Here are all the published opinion polls for the June 2017 UK general election, plotted as a Shewhart chart.
The Conservative lead over Labour had been pretty constant at 16% from February 2017, after May’s Lancaster House speech. The initial Natural Process Limits (“NPLs”) on the chart extend back to that date. Then something odd happened in the polls around Easter. There were several polls above the upper NPL. That does not seem to fit with any surrounding event. Article 50 had been declared two weeks before and had had no real immediate impact.
I suspect that the “fugue state” around Easter was reflected in the respective parties’ private polling. It is possible that public reaction to the election announcement somehow locked in the phenomenon for a short while.
Things then seem to settle down to the 16% lead level again. However, the local election results at the bottom of the range of polls ought to have sounded some alarm bells. Local election results are not a reliable predictor of general elections but this data should not have felt very comforting.
Then the slide in lead begins. But when exactly? A lot of commentators have assumed that it was the badly received Conservative Party manifesto that started the decline. It is not possible to be definitive from the chart but it is certainly arguable that it was the leak of the Labour Party manifesto that started to shift voting intention.

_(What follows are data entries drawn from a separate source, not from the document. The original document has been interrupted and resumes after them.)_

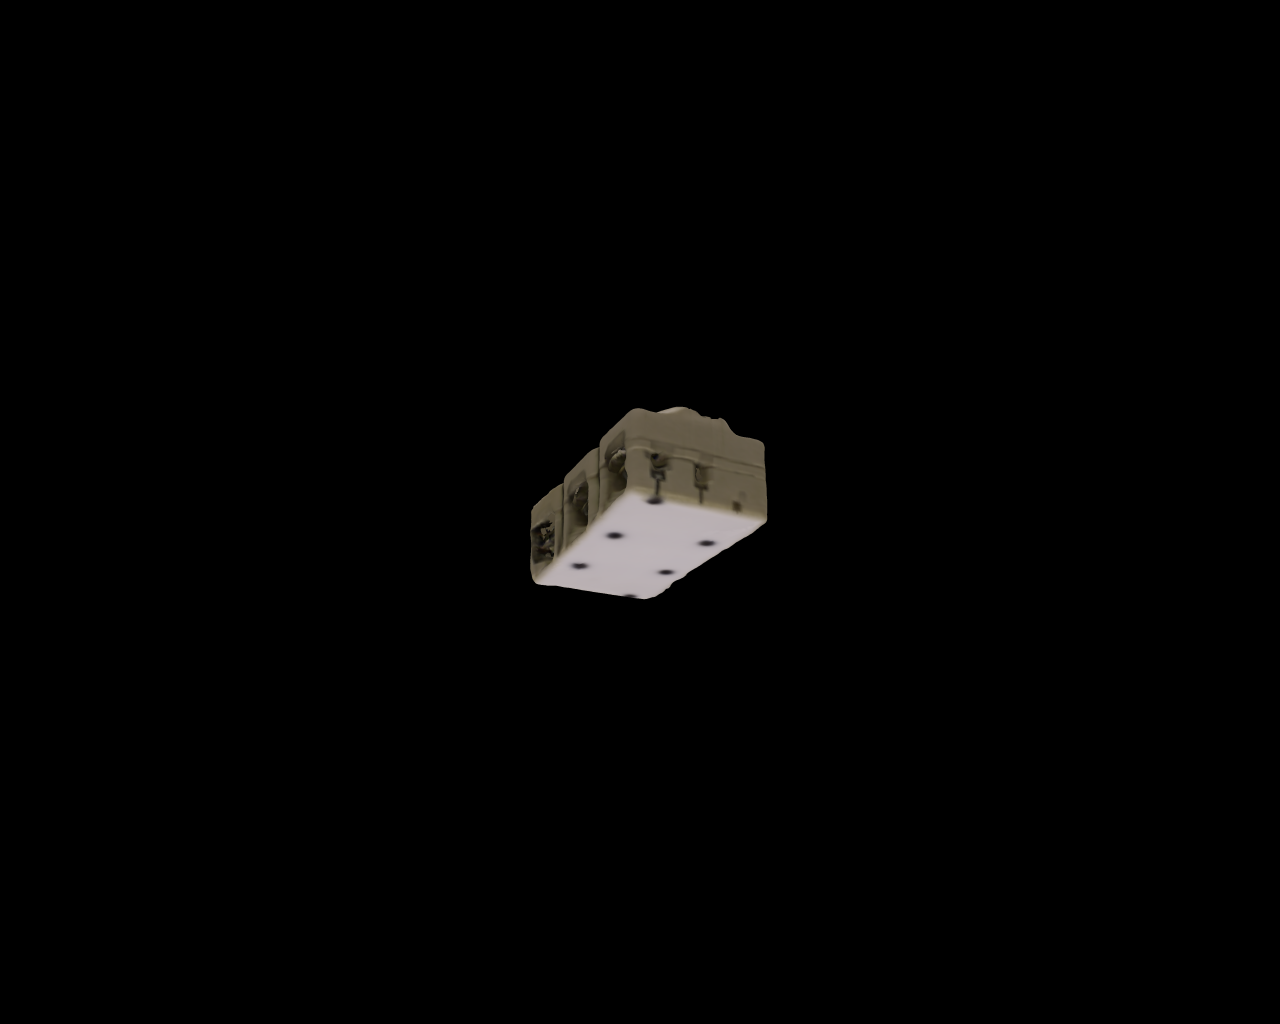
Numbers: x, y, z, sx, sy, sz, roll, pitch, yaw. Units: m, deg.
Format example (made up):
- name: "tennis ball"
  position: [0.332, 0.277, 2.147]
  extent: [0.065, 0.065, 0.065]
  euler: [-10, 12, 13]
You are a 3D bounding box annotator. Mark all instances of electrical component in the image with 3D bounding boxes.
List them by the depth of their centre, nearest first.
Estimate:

Then the swing from Conservative to Labour continued unabated to polling day.
Polling performance
How did the individual pollsters fair? I have, somewhat arbitrarily, summarised all polls conducted in the 10 days before the election (29 May to 7 June). Here is the plot along with the actual popular poll result which gave a 2.5% margin of Conservative over Labour. That is the number that everybody was trying to predict.
The red points are the surveys from the 5 days before the election (3 to 7 June). Visually, they seem to be no closer, in general, than the other points (6 to 10 days before). The vertical lines are just an aid for the eye in grouping the points. The absence of “closing in” is confirmed by looking at the mean squared error (MSE) (in %2) for the points over 10 days (31.1) and 5 days (34.8). There is no evidence of polls closing in on the final result. The overall Shewhart chart certainly doesn’t suggest that.
Taking the polls over the 10 day period, then, here is the performance of the pollsters in terms of MSE. Lower MSE is better.
Pollster | MSE |
Norstat | 2.25 |
Survation | 2.31 |
Kantar Public | 6.25 |
Survey Monkey | 8.25 |
YouGov | 9.03 |
Opinium | 16.50 |
Qriously | 20.25 |
Ipsos MORI | 20.50 |
Panelbase | 30.25 |
ORB | 42.25 |
ComRes | 74.25 |
ICM | 78.36 |
BMG | 110.25 |
Norstat and Survation pollsters will have been enjoying bonuses on the morning after the election. There are a few other commendable performances.
YouGov model
I should also mention the YouGov model (the green line on the Shewhart chart) that has an MSE of 2.25. YouGov conduct web-based surveys against at huge data base or around 50,000 registered participants. They also collect, with permission, deep demographic data on those individuals concerning income, profession, education and other factors. There is enough published demographic data from the national census to judge whether that is a representative frame from which to sample.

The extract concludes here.